Architectural Robots (Robohub) — The concept is named ‘Minibuilders.’ This is a group of robots each performing a specific task. The first robot layers a 15 cm (6 in) footprint or foundation, while a second and a third robot print the rest of the building by climbing over the structures they already printed and laying more material over them. This design is only possible at construction scale where printed layers are solid enough to support a robotic print head.

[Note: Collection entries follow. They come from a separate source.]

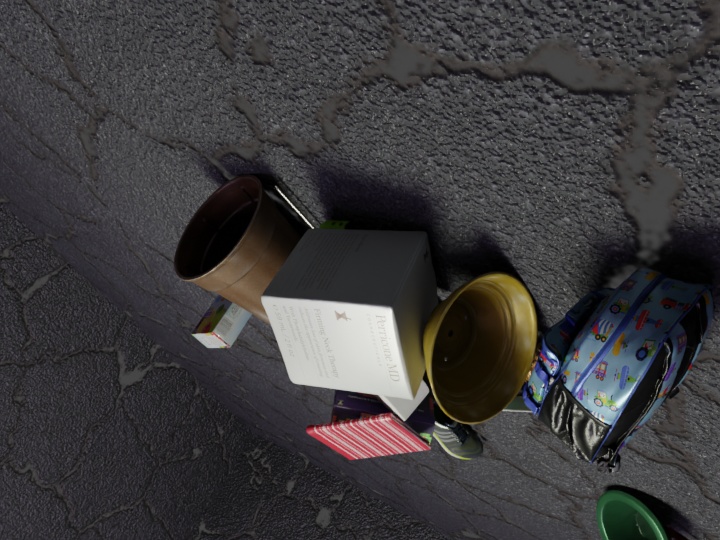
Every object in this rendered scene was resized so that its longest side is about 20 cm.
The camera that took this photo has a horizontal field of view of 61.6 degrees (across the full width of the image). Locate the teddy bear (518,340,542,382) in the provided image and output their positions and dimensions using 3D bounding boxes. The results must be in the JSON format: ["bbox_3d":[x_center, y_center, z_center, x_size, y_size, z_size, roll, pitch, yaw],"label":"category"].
[{"bbox_3d":[0.280,0.152,0.898,0.197,0.067,0.146,20,154,30],"label":"teddy bear"}]

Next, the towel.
[{"bbox_3d":[0.013,0.303,1.106,0.197,0.023,0.144,-18,136,33],"label":"towel"}]

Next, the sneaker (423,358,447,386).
[{"bbox_3d":[0.096,0.103,1.026,0.086,0.076,0.203,-117,7,-56],"label":"sneaker"}]

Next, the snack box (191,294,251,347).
[{"bbox_3d":[-0.251,0.059,1.228,0.053,0.202,0.141,41,155,-22],"label":"snack box"}]

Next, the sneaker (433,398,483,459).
[{"bbox_3d":[0.204,0.359,1.368,0.198,0.075,0.081,37,153,-10],"label":"sneaker"}]

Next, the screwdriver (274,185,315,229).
[{"bbox_3d":[-0.076,-0.063,0.988,0.028,0.029,0.200,-1,143,51],"label":"screwdriver"}]

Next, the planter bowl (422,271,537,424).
[{"bbox_3d":[0.145,0.095,0.823,0.201,0.201,0.083,49,163,-31],"label":"planter bowl"}]

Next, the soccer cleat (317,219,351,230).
[{"bbox_3d":[0.000,0.000,0.977,0.080,0.068,0.201,-2,136,42],"label":"soccer cleat"}]

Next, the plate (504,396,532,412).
[{"bbox_3d":[0.259,0.228,1.033,0.194,0.026,0.200,3,169,1],"label":"plate"}]

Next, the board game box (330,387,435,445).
[{"bbox_3d":[0.045,0.253,1.196,0.195,0.166,0.058,12,115,-3],"label":"board game box"}]

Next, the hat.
[{"bbox_3d":[0.597,0.506,1.208,0.165,0.173,0.205,-18,87,63],"label":"hat"}]

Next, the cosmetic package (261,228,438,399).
[{"bbox_3d":[-0.004,0.055,0.866,0.195,0.167,0.170,3,128,24],"label":"cosmetic package"}]

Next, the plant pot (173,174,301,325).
[{"bbox_3d":[-0.176,-0.017,1.024,0.198,0.203,0.198,5,151,46],"label":"plant pot"}]

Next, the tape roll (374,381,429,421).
[{"bbox_3d":[0.027,0.171,1.067,0.202,0.071,0.203,44,170,10],"label":"tape roll"}]

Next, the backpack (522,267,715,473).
[{"bbox_3d":[0.280,0.086,0.653,0.134,0.181,0.203,38,147,31],"label":"backpack"}]
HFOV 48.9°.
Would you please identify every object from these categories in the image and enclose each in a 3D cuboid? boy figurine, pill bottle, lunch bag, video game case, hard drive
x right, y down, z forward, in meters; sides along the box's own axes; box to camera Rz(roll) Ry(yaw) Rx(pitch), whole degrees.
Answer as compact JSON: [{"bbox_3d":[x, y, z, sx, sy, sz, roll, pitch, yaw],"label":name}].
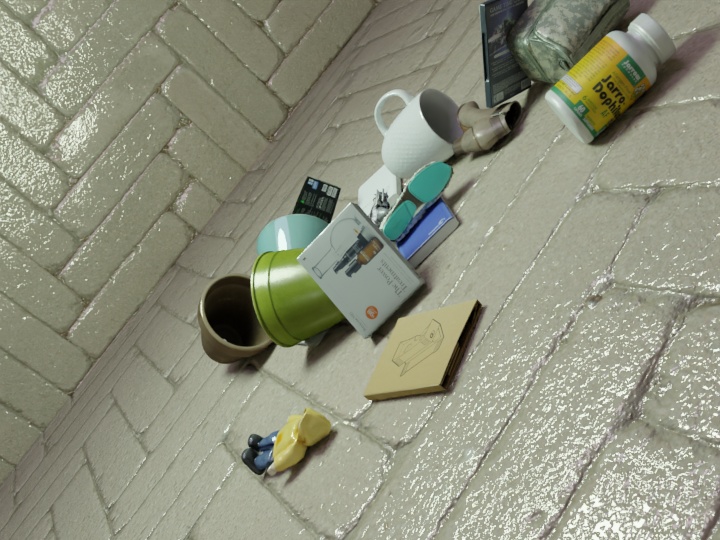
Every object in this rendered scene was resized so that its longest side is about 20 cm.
[{"bbox_3d":[-0.130,0.302,1.395,0.199,0.064,0.125,-34,23,41],"label":"boy figurine"},{"bbox_3d":[0.411,-0.316,1.298,0.200,0.113,0.113,-43,22,14],"label":"pill bottle"},{"bbox_3d":[0.410,-0.472,1.540,0.201,0.139,0.167,-50,33,-7],"label":"lunch bag"},{"bbox_3d":[0.293,-0.447,1.590,0.019,0.204,0.142,18,38,43],"label":"video game case"},{"bbox_3d":[0.045,-0.186,1.919,0.131,0.027,0.201,-40,24,23],"label":"hard drive"},{"bbox_3d":[0.124,-0.091,1.604,0.132,0.025,0.201,-44,22,12],"label":"hard drive"}]

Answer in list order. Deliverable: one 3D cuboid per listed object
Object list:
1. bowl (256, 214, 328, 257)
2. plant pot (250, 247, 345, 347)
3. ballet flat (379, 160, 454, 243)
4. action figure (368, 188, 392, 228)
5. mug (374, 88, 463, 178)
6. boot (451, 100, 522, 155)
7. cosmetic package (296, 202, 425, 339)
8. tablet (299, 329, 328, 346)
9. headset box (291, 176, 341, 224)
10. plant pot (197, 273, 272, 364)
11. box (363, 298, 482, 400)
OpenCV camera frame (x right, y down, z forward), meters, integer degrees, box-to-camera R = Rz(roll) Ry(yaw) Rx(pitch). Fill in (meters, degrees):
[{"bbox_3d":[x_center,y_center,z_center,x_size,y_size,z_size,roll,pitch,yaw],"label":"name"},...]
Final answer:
[{"bbox_3d":[-0.137,-0.015,1.780,0.200,0.200,0.106,-37,35,27],"label":"bowl"},{"bbox_3d":[-0.087,0.036,1.598,0.190,0.202,0.202,-15,35,26],"label":"plant pot"},{"bbox_3d":[0.107,-0.140,1.599,0.200,0.072,0.072,-48,21,2],"label":"ballet flat"},{"bbox_3d":[0.027,-0.103,1.732,0.199,0.068,0.133,-27,45,63],"label":"action figure"},{"bbox_3d":[0.115,-0.309,1.755,0.175,0.200,0.148,-38,7,43],"label":"mug"},{"bbox_3d":[0.270,-0.316,1.654,0.145,0.070,0.202,-22,35,38],"label":"boot"},{"bbox_3d":[0.000,0.000,1.466,0.151,0.200,0.052,-45,-10,13],"label":"cosmetic package"},{"bbox_3d":[-0.070,0.077,1.722,0.202,0.014,0.129,-57,23,-18],"label":"tablet"},{"bbox_3d":[-0.128,-0.089,1.914,0.176,0.091,0.202,-74,4,-47],"label":"headset box"},{"bbox_3d":[-0.306,0.136,1.883,0.175,0.198,0.202,-50,13,49],"label":"plant pot"},{"bbox_3d":[0.099,0.131,1.287,0.199,0.021,0.165,-20,36,52],"label":"box"}]
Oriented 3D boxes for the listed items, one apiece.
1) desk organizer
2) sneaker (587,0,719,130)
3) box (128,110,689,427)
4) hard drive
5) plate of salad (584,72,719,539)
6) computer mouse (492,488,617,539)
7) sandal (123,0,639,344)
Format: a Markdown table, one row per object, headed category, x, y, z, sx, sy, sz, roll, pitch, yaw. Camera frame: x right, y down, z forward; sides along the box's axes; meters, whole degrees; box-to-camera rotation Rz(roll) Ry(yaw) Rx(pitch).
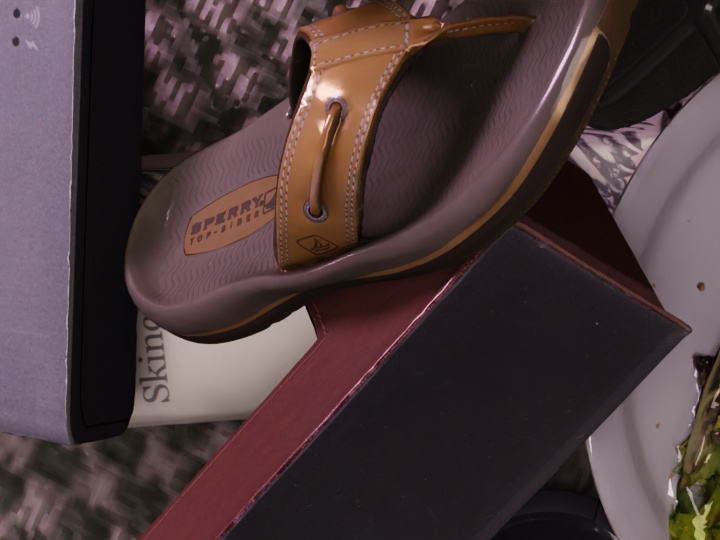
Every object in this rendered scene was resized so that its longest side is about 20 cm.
| category | x | y | z | sx | sy | sz | roll | pitch | yaw |
| --- | --- | --- | --- | --- | --- | --- | --- | --- | --- |
| desk organizer | -0.009 | 0.050 | 0.840 | 0.072 | 0.077 | 0.200 | 29 | 113 | -33 |
| sneaker | 0.081 | -0.136 | 0.867 | 0.115 | 0.076 | 0.201 | 23 | 71 | 31 |
| box | 0.000 | 0.000 | 0.915 | 0.199 | 0.068 | 0.083 | -6 | 98 | 8 |
| hard drive | -0.152 | -0.031 | 0.906 | 0.199 | 0.033 | 0.141 | 8 | 100 | 36 |
| plate of salad | 0.157 | 0.025 | 0.874 | 0.199 | 0.048 | 0.201 | -3 | 97 | -21 |
| computer mouse | 0.062 | 0.171 | 0.947 | 0.140 | 0.046 | 0.201 | -21 | 92 | 27 |
| sandal | -0.005 | -0.039 | 0.787 | 0.054 | 0.082 | 0.199 | 31 | 145 | -32 |
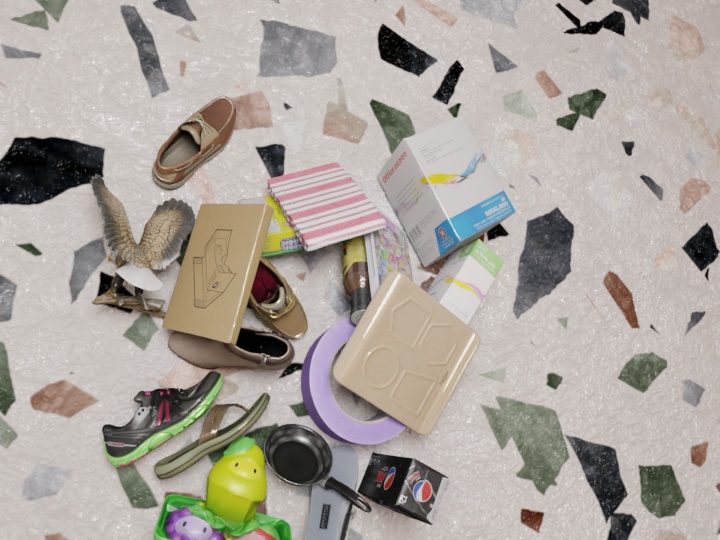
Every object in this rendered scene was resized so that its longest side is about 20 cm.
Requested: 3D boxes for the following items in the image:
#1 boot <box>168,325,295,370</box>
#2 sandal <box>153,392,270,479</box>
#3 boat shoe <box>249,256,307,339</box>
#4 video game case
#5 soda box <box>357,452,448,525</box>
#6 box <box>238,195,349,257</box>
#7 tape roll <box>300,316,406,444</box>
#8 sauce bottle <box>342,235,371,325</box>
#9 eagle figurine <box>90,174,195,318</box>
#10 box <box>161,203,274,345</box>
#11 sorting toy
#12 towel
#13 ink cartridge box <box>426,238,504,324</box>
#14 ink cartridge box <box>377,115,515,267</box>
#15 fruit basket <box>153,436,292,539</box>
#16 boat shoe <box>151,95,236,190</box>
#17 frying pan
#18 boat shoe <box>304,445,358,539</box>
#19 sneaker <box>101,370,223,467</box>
[{"bbox_3d":[-0.197,0.112,0.871,0.194,0.146,0.073,8,74,-14],"label":"boot"},{"bbox_3d":[-0.224,0.240,0.864,0.197,0.080,0.059,-28,89,-21],"label":"sandal"},{"bbox_3d":[-0.143,0.044,0.907,0.074,0.066,0.201,-42,122,-9],"label":"boat shoe"},{"bbox_3d":[0.053,-0.005,0.974,0.142,0.018,0.206,35,42,-50],"label":"video game case"},{"bbox_3d":[0.058,0.326,0.864,0.062,0.200,0.072,28,69,-6],"label":"soda box"},{"bbox_3d":[-0.102,-0.089,0.978,0.194,0.049,0.118,-13,42,-17],"label":"box"},{"bbox_3d":[0.002,0.182,0.948,0.193,0.085,0.207,4,74,-15],"label":"tape roll"},{"bbox_3d":[0.000,0.000,0.963,0.063,0.066,0.204,11,44,-13],"label":"sauce bottle"},{"bbox_3d":[-0.348,-0.042,0.879,0.146,0.152,0.207,6,78,6],"label":"eagle figurine"},{"bbox_3d":[-0.213,-0.002,0.849,0.021,0.160,0.206,29,71,-49],"label":"box"},{"bbox_3d":[0.074,0.130,0.887,0.198,0.036,0.188,35,82,-21],"label":"sorting toy"},{"bbox_3d":[-0.061,-0.109,0.947,0.143,0.031,0.201,-17,47,-21],"label":"towel"},{"bbox_3d":[0.159,0.053,1.010,0.067,0.117,0.202,38,68,-7],"label":"ink cartridge box"},{"bbox_3d":[0.151,-0.144,1.042,0.142,0.147,0.204,-25,84,-24],"label":"ink cartridge box"},{"bbox_3d":[-0.187,0.356,0.822,0.208,0.155,0.224,0,92,-11],"label":"fruit basket"},{"bbox_3d":[-0.278,-0.226,0.974,0.075,0.072,0.203,34,69,-6],"label":"boat shoe"},{"bbox_3d":[-0.064,0.304,0.891,0.185,0.032,0.116,23,29,-1],"label":"frying pan"},{"bbox_3d":[-0.042,0.378,0.888,0.071,0.069,0.203,1,46,7],"label":"boat shoe"},{"bbox_3d":[-0.295,0.208,0.855,0.197,0.077,0.085,-32,89,-23],"label":"sneaker"}]
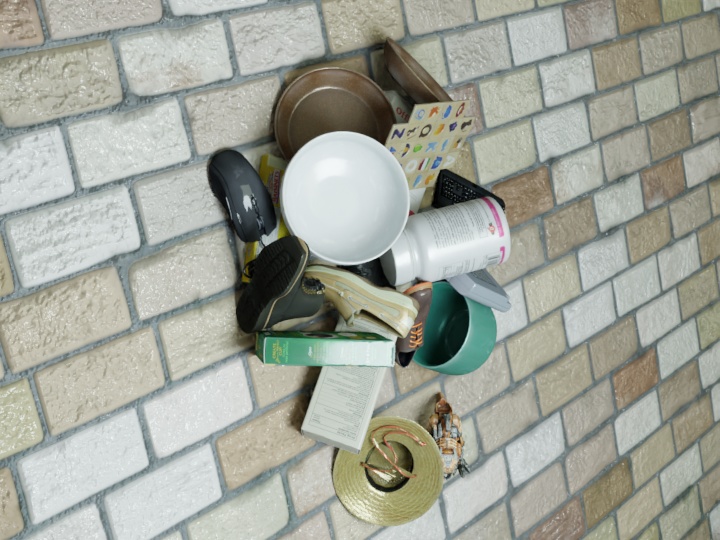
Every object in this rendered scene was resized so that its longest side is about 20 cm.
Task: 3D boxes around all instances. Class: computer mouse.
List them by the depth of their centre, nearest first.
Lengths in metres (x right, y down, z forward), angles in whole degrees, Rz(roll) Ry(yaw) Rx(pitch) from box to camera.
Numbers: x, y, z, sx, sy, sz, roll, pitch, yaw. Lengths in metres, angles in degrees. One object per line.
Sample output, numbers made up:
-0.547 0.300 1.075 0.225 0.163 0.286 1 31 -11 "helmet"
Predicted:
-0.139 -0.098 1.599 0.140 0.046 0.202 -24 100 -27 "computer mouse"

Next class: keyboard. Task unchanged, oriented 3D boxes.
0.215 -0.115 1.981 0.199 0.039 0.105 20 76 -42 "keyboard"

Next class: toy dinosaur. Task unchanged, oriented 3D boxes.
0.152 0.293 1.855 0.200 0.101 0.137 -56 154 -50 "toy dinosaur"

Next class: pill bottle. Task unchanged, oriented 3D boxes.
0.135 -0.045 1.727 0.198 0.113 0.115 -14 102 -13 "pill bottle"

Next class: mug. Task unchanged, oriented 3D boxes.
0.168 0.092 1.861 0.114 0.151 0.187 21 77 -46 "mug"

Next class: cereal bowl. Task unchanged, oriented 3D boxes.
-0.029 -0.107 1.603 0.198 0.083 0.203 0 88 -15 "cereal bowl"

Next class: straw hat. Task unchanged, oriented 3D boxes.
0.049 0.323 1.792 0.085 0.199 0.203 -87 161 -73 "straw hat"

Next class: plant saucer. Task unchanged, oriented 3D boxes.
-0.041 -0.224 1.681 0.198 0.037 0.203 2 80 -11 "plant saucer"
0.103 -0.311 1.790 0.037 0.201 0.200 -42 130 14 "plant saucer"

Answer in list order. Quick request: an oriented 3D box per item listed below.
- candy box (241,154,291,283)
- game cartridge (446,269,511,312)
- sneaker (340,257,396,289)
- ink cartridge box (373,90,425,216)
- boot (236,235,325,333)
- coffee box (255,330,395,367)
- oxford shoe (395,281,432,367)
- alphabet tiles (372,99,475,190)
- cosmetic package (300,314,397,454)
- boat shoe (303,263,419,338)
-0.126 -0.071 1.658 0.102 0.026 0.202 15 80 -39 "candy box"
0.172 -0.009 1.851 0.132 0.200 0.042 19 115 -40 "game cartridge"
-0.002 0.000 1.757 0.199 0.060 0.105 28 68 -45 "sneaker"
0.044 -0.180 1.782 0.145 0.084 0.202 35 69 -39 "ink cartridge box"
-0.092 0.012 1.591 0.137 0.200 0.078 -9 62 -39 "boot"
-0.058 0.119 1.608 0.198 0.123 0.045 2 92 -14 "coffee box"
0.089 0.090 1.757 0.071 0.201 0.073 -15 61 -20 "oxford shoe"
0.103 -0.199 1.697 0.199 0.006 0.167 -14 136 -44 "alphabet tiles"
-0.017 0.183 1.707 0.103 0.073 0.202 19 75 4 "cosmetic package"
-0.010 0.052 1.672 0.072 0.198 0.077 78 32 -65 "boat shoe"
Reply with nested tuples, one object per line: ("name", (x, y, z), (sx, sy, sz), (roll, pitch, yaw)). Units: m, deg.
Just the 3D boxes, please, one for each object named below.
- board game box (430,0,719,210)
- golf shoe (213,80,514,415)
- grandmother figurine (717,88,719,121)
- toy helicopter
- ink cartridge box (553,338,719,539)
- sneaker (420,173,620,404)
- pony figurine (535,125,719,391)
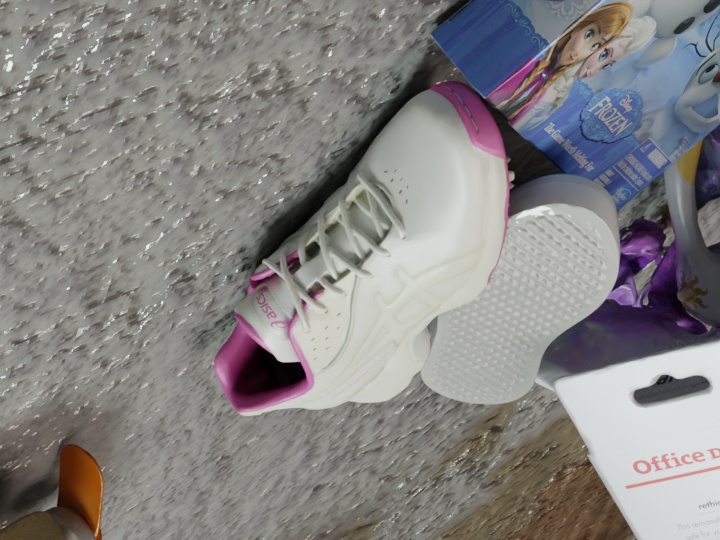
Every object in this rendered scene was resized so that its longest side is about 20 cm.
("board game box", (0.146, -0.123, 1.282), (0.199, 0.043, 0.200), (-41, 157, 7))
("golf shoe", (0.000, 0.000, 1.273), (0.091, 0.075, 0.200), (-17, 150, -33))
("grandmother figurine", (0.225, -0.078, 1.244), (0.121, 0.061, 0.200), (-9, -179, -39))
("toy helicopter", (-0.168, 0.151, 1.348), (0.132, 0.079, 0.200), (-39, 171, -20))
("ink cartridge box", (0.186, 0.097, 1.376), (0.115, 0.200, 0.067), (-15, -152, 33))
("sneaker", (0.068, -0.012, 1.354), (0.074, 0.082, 0.200), (11, 154, -11))
("pony figurine", (0.173, 0.012, 1.441), (0.166, 0.193, 0.201), (-22, 133, -34))
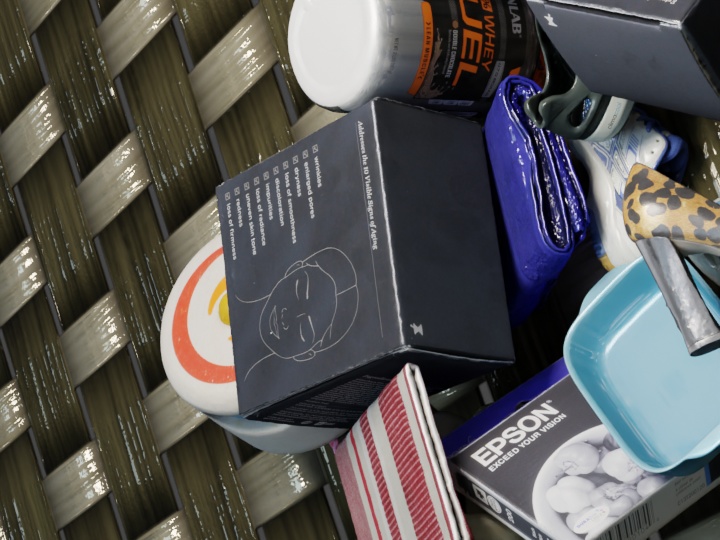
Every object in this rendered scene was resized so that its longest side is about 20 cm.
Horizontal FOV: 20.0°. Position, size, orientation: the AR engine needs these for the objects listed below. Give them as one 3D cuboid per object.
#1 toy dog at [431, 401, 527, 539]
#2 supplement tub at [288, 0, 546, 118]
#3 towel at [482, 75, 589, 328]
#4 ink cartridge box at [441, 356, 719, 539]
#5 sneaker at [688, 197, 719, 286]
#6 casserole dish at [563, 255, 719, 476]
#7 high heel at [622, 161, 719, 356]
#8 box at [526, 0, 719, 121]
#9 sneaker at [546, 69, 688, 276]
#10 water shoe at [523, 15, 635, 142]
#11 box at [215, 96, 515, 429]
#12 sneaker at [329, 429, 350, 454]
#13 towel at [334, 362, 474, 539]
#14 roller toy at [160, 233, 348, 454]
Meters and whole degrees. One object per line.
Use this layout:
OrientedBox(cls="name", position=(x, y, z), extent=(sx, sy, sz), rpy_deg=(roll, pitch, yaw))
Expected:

gigo — Fetching packages in golang can be difficult, especially when juggling multiple packages and private repositories. GIGO (Gigo Installer for Go) tries to solve that problem, effectively being the golang equivalent of Python’s pip.
On Font Design (Kris Sowersby) — The many pairs of hands and eyes involved have made this typeface special for me. For the first time I don’t feel I have ownership of a typeface I have ostensibly “created.” Lovely to read about the design journey for a font.
Why We Use Go — We use Go because it’s boring. Previously, we worked almost exclusively with Python, and after a certain point, it becomes a nightmare. You can bend Python to your will. You can hack it, you can monkey patch it, and you can write remarkably expressive, terse code. It’s also remarkably difficult to maintain and slow.
Unfortunately We Have Renewed Our ICANN Accreditation — You can thank ICANN for this policy, because if it were up to us, and you tasked us with coming up with the most idiotic, damaging, phish-friendly, disaster-prone policy that accomplishes less than nothing and is utterly pointless, I question whether we would have been able to pull it off at this level. We’re simply out of our league here.
Rise of the Robots and Shadow Work (NY Times) — In “Rise of the Robots,” Ford argues that a society based on luxury consumption by a tiny elite is not economically viable. More to the point, it is not biologically viable. Humans, unlike robots, need food, health care and the sense of usefulness often supplied by jobs or other forms of work. Two thought-provoking and related books about the potential futures as a result of technology-driven change.
Time Lapse Mining from Internet Photos (PDF) — First, we cluster 86 million photos into landmarks and popular viewpoints. Then, we sort the photos by date and warp each photo onto a common viewpoint. Finally, we stabilize the appearance of the sequence to compensate for lighting effects and minimize flicker. Our resulting time-lapses show diverse changes in the world’s most popular sites, like glaciers shrinking, skyscrapers being constructed, and waterfalls changing course.
Git Repository of CS Papers — The intention here is to both provide myself with backups and easy access to papers, while also collecting a repository of links so that people can always find the paper they are looking for. Pull the repo and you’ll never be short of airplane/bedtime reading.
Software For Reproducible Science — This quality is indeed central to doing science with code. What good is a data analysis pipeline if it crashes when I fiddle with the data? How can I draw conclusions from simulations if I cannot change their parameters? As soon as I need trust in code supporting a scientific finding, I find myself tinkering with its input, and often breaking it. Good scientific code is code that can be reused, that can lead to large-scale experiments validating its underlying assumptions.